You are viewing a plain text version of this content. The canonical link for it is here.
Posted to reviews@spark.apache.org by GitBox <gi...@apache.org> on 2021/04/07 23:58:24 UTC
[GitHub] [spark] allisonwang-db commented on a change in pull request #32054: [SPARK-34946][SQL] Block unsupported correlated scalar subquery in Aggregate

allisonwang-db commented on a change in pull request #32054:
URL: https://github.com/apache/spark/pull/32054#discussion_r609148331



##########
File path: sql/catalyst/src/main/scala/org/apache/spark/sql/catalyst/analysis/CheckAnalysis.scala
##########
@@ -305,6 +305,12 @@ trait CheckAnalysis extends PredicateHelper with LookupCatalog {
                     s"nor is it an aggregate function. " +
                     "Add to group by or wrap in first() (or first_value) if you don't care " +
                     "which value you get.")
+              case s: ScalarSubquery
+                  if s.children.nonEmpty && !groupingExprs.exists(_.semanticEquals(s)) =>
+                failAnalysis(s"Correlated scalar subquery '${s.sql}' is neither " +
+                  s"present in the group by, nor in an aggregate function.

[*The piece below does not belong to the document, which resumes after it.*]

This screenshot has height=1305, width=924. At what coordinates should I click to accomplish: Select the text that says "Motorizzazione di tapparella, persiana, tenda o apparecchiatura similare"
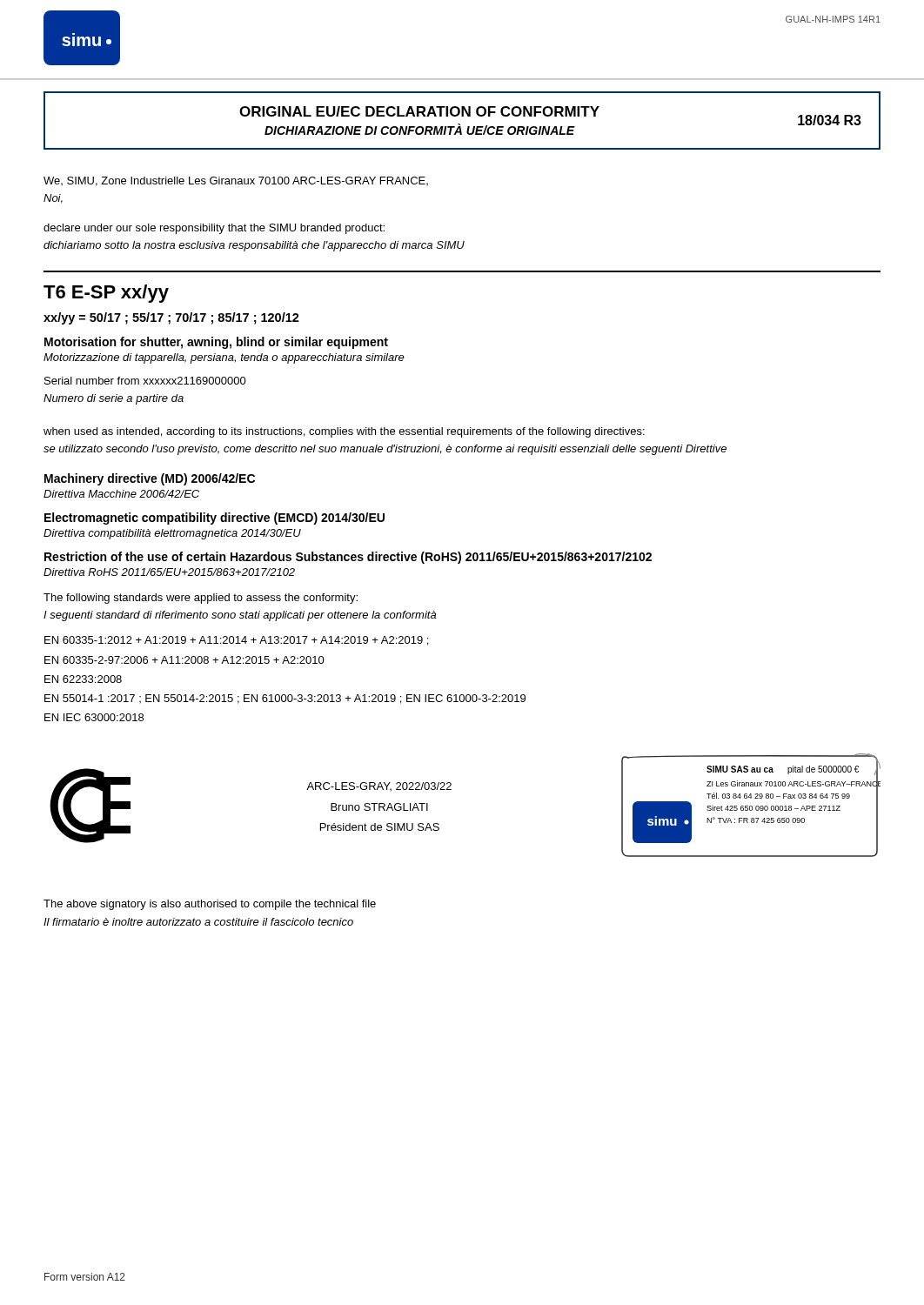pos(224,357)
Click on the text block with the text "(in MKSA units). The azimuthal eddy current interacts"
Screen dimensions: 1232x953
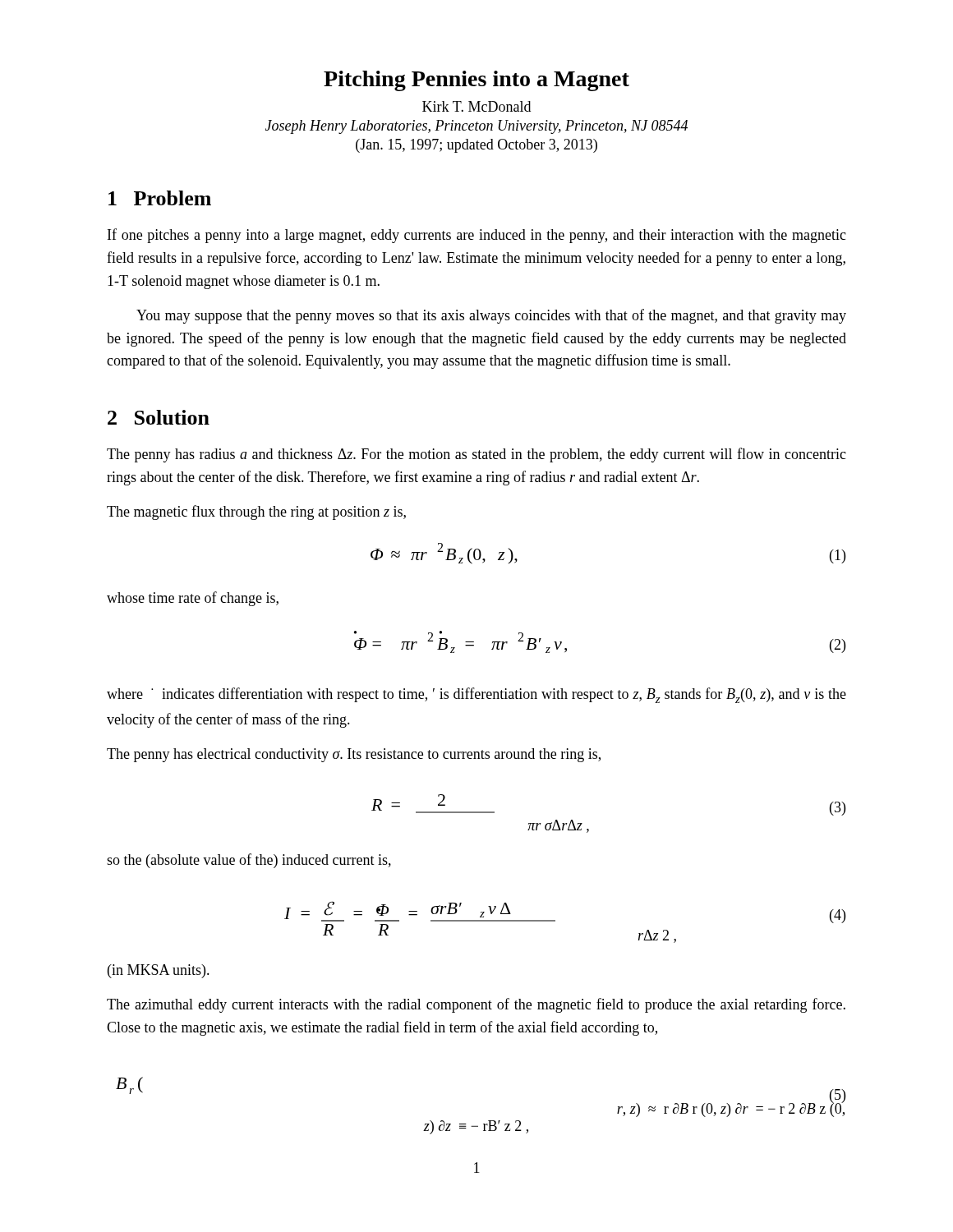pos(476,1000)

Add it to group by " +
+                  s"using ordinal position or wrap it in first() (or first_value) if you don't " +
+                  s"care which value you get.")

Review comment:
       This is a good point, but there is actually another bug that is harder to resolve right now (explained below). We can add an assertion in this PR so the code will fail during query optimization instead of execution time.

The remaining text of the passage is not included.